-- Listed records follows --

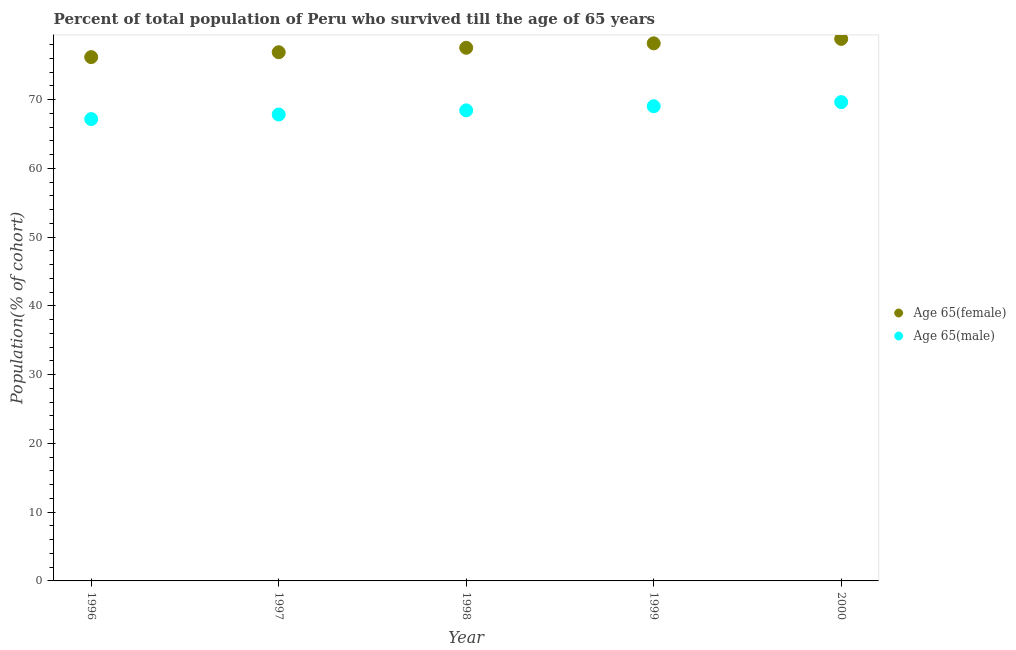How many different coloured dotlines are there?
Offer a very short reply. 2. What is the percentage of male population who survived till age of 65 in 1998?
Your answer should be very brief. 68.43. Across all years, what is the maximum percentage of male population who survived till age of 65?
Ensure brevity in your answer.  69.63. Across all years, what is the minimum percentage of female population who survived till age of 65?
Keep it short and to the point. 76.17. In which year was the percentage of male population who survived till age of 65 maximum?
Offer a very short reply. 2000. What is the total percentage of male population who survived till age of 65 in the graph?
Keep it short and to the point. 342.07. What is the difference between the percentage of male population who survived till age of 65 in 1999 and that in 2000?
Keep it short and to the point. -0.6. What is the difference between the percentage of male population who survived till age of 65 in 2000 and the percentage of female population who survived till age of 65 in 1996?
Your answer should be very brief. -6.55. What is the average percentage of female population who survived till age of 65 per year?
Offer a terse response. 77.52. In the year 1997, what is the difference between the percentage of female population who survived till age of 65 and percentage of male population who survived till age of 65?
Ensure brevity in your answer.  9.06. In how many years, is the percentage of male population who survived till age of 65 greater than 2 %?
Make the answer very short. 5. What is the ratio of the percentage of female population who survived till age of 65 in 1999 to that in 2000?
Give a very brief answer. 0.99. Is the difference between the percentage of female population who survived till age of 65 in 1999 and 2000 greater than the difference between the percentage of male population who survived till age of 65 in 1999 and 2000?
Ensure brevity in your answer.  No. What is the difference between the highest and the second highest percentage of male population who survived till age of 65?
Offer a very short reply. 0.6. What is the difference between the highest and the lowest percentage of male population who survived till age of 65?
Make the answer very short. 2.47. Is the sum of the percentage of female population who survived till age of 65 in 1996 and 1999 greater than the maximum percentage of male population who survived till age of 65 across all years?
Your answer should be compact. Yes. Is the percentage of male population who survived till age of 65 strictly less than the percentage of female population who survived till age of 65 over the years?
Your answer should be very brief. Yes. How many dotlines are there?
Your answer should be compact. 2. How many years are there in the graph?
Offer a very short reply. 5. What is the difference between two consecutive major ticks on the Y-axis?
Keep it short and to the point. 10. Does the graph contain grids?
Provide a short and direct response. No. How many legend labels are there?
Provide a succinct answer. 2. What is the title of the graph?
Your response must be concise. Percent of total population of Peru who survived till the age of 65 years. What is the label or title of the Y-axis?
Keep it short and to the point. Population(% of cohort). What is the Population(% of cohort) of Age 65(female) in 1996?
Your answer should be compact. 76.17. What is the Population(% of cohort) of Age 65(male) in 1996?
Make the answer very short. 67.16. What is the Population(% of cohort) in Age 65(female) in 1997?
Provide a short and direct response. 76.88. What is the Population(% of cohort) in Age 65(male) in 1997?
Offer a terse response. 67.83. What is the Population(% of cohort) of Age 65(female) in 1998?
Provide a succinct answer. 77.53. What is the Population(% of cohort) in Age 65(male) in 1998?
Your answer should be very brief. 68.43. What is the Population(% of cohort) of Age 65(female) in 1999?
Provide a succinct answer. 78.18. What is the Population(% of cohort) of Age 65(male) in 1999?
Your response must be concise. 69.03. What is the Population(% of cohort) in Age 65(female) in 2000?
Your answer should be compact. 78.82. What is the Population(% of cohort) of Age 65(male) in 2000?
Make the answer very short. 69.63. Across all years, what is the maximum Population(% of cohort) in Age 65(female)?
Provide a short and direct response. 78.82. Across all years, what is the maximum Population(% of cohort) of Age 65(male)?
Your answer should be compact. 69.63. Across all years, what is the minimum Population(% of cohort) in Age 65(female)?
Offer a terse response. 76.17. Across all years, what is the minimum Population(% of cohort) in Age 65(male)?
Ensure brevity in your answer.  67.16. What is the total Population(% of cohort) in Age 65(female) in the graph?
Give a very brief answer. 387.59. What is the total Population(% of cohort) of Age 65(male) in the graph?
Provide a short and direct response. 342.07. What is the difference between the Population(% of cohort) of Age 65(female) in 1996 and that in 1997?
Your answer should be compact. -0.71. What is the difference between the Population(% of cohort) of Age 65(male) in 1996 and that in 1997?
Keep it short and to the point. -0.67. What is the difference between the Population(% of cohort) of Age 65(female) in 1996 and that in 1998?
Give a very brief answer. -1.36. What is the difference between the Population(% of cohort) in Age 65(male) in 1996 and that in 1998?
Provide a short and direct response. -1.27. What is the difference between the Population(% of cohort) of Age 65(female) in 1996 and that in 1999?
Ensure brevity in your answer.  -2. What is the difference between the Population(% of cohort) of Age 65(male) in 1996 and that in 1999?
Provide a succinct answer. -1.87. What is the difference between the Population(% of cohort) in Age 65(female) in 1996 and that in 2000?
Offer a very short reply. -2.65. What is the difference between the Population(% of cohort) in Age 65(male) in 1996 and that in 2000?
Provide a succinct answer. -2.47. What is the difference between the Population(% of cohort) in Age 65(female) in 1997 and that in 1998?
Offer a terse response. -0.65. What is the difference between the Population(% of cohort) in Age 65(male) in 1997 and that in 1998?
Give a very brief answer. -0.6. What is the difference between the Population(% of cohort) of Age 65(female) in 1997 and that in 1999?
Provide a succinct answer. -1.29. What is the difference between the Population(% of cohort) in Age 65(male) in 1997 and that in 1999?
Your answer should be very brief. -1.2. What is the difference between the Population(% of cohort) in Age 65(female) in 1997 and that in 2000?
Give a very brief answer. -1.94. What is the difference between the Population(% of cohort) in Age 65(male) in 1997 and that in 2000?
Your answer should be very brief. -1.8. What is the difference between the Population(% of cohort) of Age 65(female) in 1998 and that in 1999?
Your response must be concise. -0.65. What is the difference between the Population(% of cohort) of Age 65(male) in 1998 and that in 1999?
Offer a very short reply. -0.6. What is the difference between the Population(% of cohort) in Age 65(female) in 1998 and that in 2000?
Your answer should be very brief. -1.29. What is the difference between the Population(% of cohort) of Age 65(male) in 1998 and that in 2000?
Offer a terse response. -1.2. What is the difference between the Population(% of cohort) in Age 65(female) in 1999 and that in 2000?
Provide a succinct answer. -0.65. What is the difference between the Population(% of cohort) of Age 65(male) in 1999 and that in 2000?
Keep it short and to the point. -0.6. What is the difference between the Population(% of cohort) of Age 65(female) in 1996 and the Population(% of cohort) of Age 65(male) in 1997?
Your answer should be very brief. 8.35. What is the difference between the Population(% of cohort) of Age 65(female) in 1996 and the Population(% of cohort) of Age 65(male) in 1998?
Your answer should be compact. 7.75. What is the difference between the Population(% of cohort) of Age 65(female) in 1996 and the Population(% of cohort) of Age 65(male) in 1999?
Make the answer very short. 7.15. What is the difference between the Population(% of cohort) in Age 65(female) in 1996 and the Population(% of cohort) in Age 65(male) in 2000?
Ensure brevity in your answer.  6.55. What is the difference between the Population(% of cohort) of Age 65(female) in 1997 and the Population(% of cohort) of Age 65(male) in 1998?
Make the answer very short. 8.46. What is the difference between the Population(% of cohort) of Age 65(female) in 1997 and the Population(% of cohort) of Age 65(male) in 1999?
Your response must be concise. 7.86. What is the difference between the Population(% of cohort) in Age 65(female) in 1997 and the Population(% of cohort) in Age 65(male) in 2000?
Keep it short and to the point. 7.26. What is the difference between the Population(% of cohort) of Age 65(female) in 1998 and the Population(% of cohort) of Age 65(male) in 1999?
Your answer should be compact. 8.5. What is the difference between the Population(% of cohort) in Age 65(female) in 1998 and the Population(% of cohort) in Age 65(male) in 2000?
Your response must be concise. 7.9. What is the difference between the Population(% of cohort) of Age 65(female) in 1999 and the Population(% of cohort) of Age 65(male) in 2000?
Make the answer very short. 8.55. What is the average Population(% of cohort) of Age 65(female) per year?
Offer a very short reply. 77.52. What is the average Population(% of cohort) of Age 65(male) per year?
Keep it short and to the point. 68.41. In the year 1996, what is the difference between the Population(% of cohort) of Age 65(female) and Population(% of cohort) of Age 65(male)?
Make the answer very short. 9.01. In the year 1997, what is the difference between the Population(% of cohort) of Age 65(female) and Population(% of cohort) of Age 65(male)?
Provide a short and direct response. 9.06. In the year 1998, what is the difference between the Population(% of cohort) in Age 65(female) and Population(% of cohort) in Age 65(male)?
Give a very brief answer. 9.1. In the year 1999, what is the difference between the Population(% of cohort) in Age 65(female) and Population(% of cohort) in Age 65(male)?
Your answer should be compact. 9.15. In the year 2000, what is the difference between the Population(% of cohort) of Age 65(female) and Population(% of cohort) of Age 65(male)?
Your answer should be compact. 9.2. What is the ratio of the Population(% of cohort) in Age 65(female) in 1996 to that in 1997?
Ensure brevity in your answer.  0.99. What is the ratio of the Population(% of cohort) of Age 65(male) in 1996 to that in 1997?
Provide a short and direct response. 0.99. What is the ratio of the Population(% of cohort) in Age 65(female) in 1996 to that in 1998?
Give a very brief answer. 0.98. What is the ratio of the Population(% of cohort) in Age 65(male) in 1996 to that in 1998?
Offer a terse response. 0.98. What is the ratio of the Population(% of cohort) in Age 65(female) in 1996 to that in 1999?
Give a very brief answer. 0.97. What is the ratio of the Population(% of cohort) of Age 65(male) in 1996 to that in 1999?
Provide a succinct answer. 0.97. What is the ratio of the Population(% of cohort) of Age 65(female) in 1996 to that in 2000?
Keep it short and to the point. 0.97. What is the ratio of the Population(% of cohort) of Age 65(male) in 1996 to that in 2000?
Ensure brevity in your answer.  0.96. What is the ratio of the Population(% of cohort) in Age 65(female) in 1997 to that in 1998?
Keep it short and to the point. 0.99. What is the ratio of the Population(% of cohort) in Age 65(male) in 1997 to that in 1998?
Ensure brevity in your answer.  0.99. What is the ratio of the Population(% of cohort) in Age 65(female) in 1997 to that in 1999?
Provide a short and direct response. 0.98. What is the ratio of the Population(% of cohort) in Age 65(male) in 1997 to that in 1999?
Your answer should be very brief. 0.98. What is the ratio of the Population(% of cohort) of Age 65(female) in 1997 to that in 2000?
Ensure brevity in your answer.  0.98. What is the ratio of the Population(% of cohort) in Age 65(male) in 1997 to that in 2000?
Your answer should be very brief. 0.97. What is the ratio of the Population(% of cohort) of Age 65(male) in 1998 to that in 1999?
Offer a terse response. 0.99. What is the ratio of the Population(% of cohort) of Age 65(female) in 1998 to that in 2000?
Ensure brevity in your answer.  0.98. What is the ratio of the Population(% of cohort) of Age 65(male) in 1998 to that in 2000?
Ensure brevity in your answer.  0.98. What is the difference between the highest and the second highest Population(% of cohort) in Age 65(female)?
Provide a succinct answer. 0.65. What is the difference between the highest and the second highest Population(% of cohort) of Age 65(male)?
Your answer should be very brief. 0.6. What is the difference between the highest and the lowest Population(% of cohort) in Age 65(female)?
Your answer should be compact. 2.65. What is the difference between the highest and the lowest Population(% of cohort) of Age 65(male)?
Provide a short and direct response. 2.47.

-- Listed records concluded --

[Problem]:
Copy task for the entries above: every line with the string "title".

[Response]:
Provide a succinct answer. 2. What is the title of the graph?
Your response must be concise. Percent of total population of Peru who survived till the age of 65 years. What is the label or title of the Y-axis?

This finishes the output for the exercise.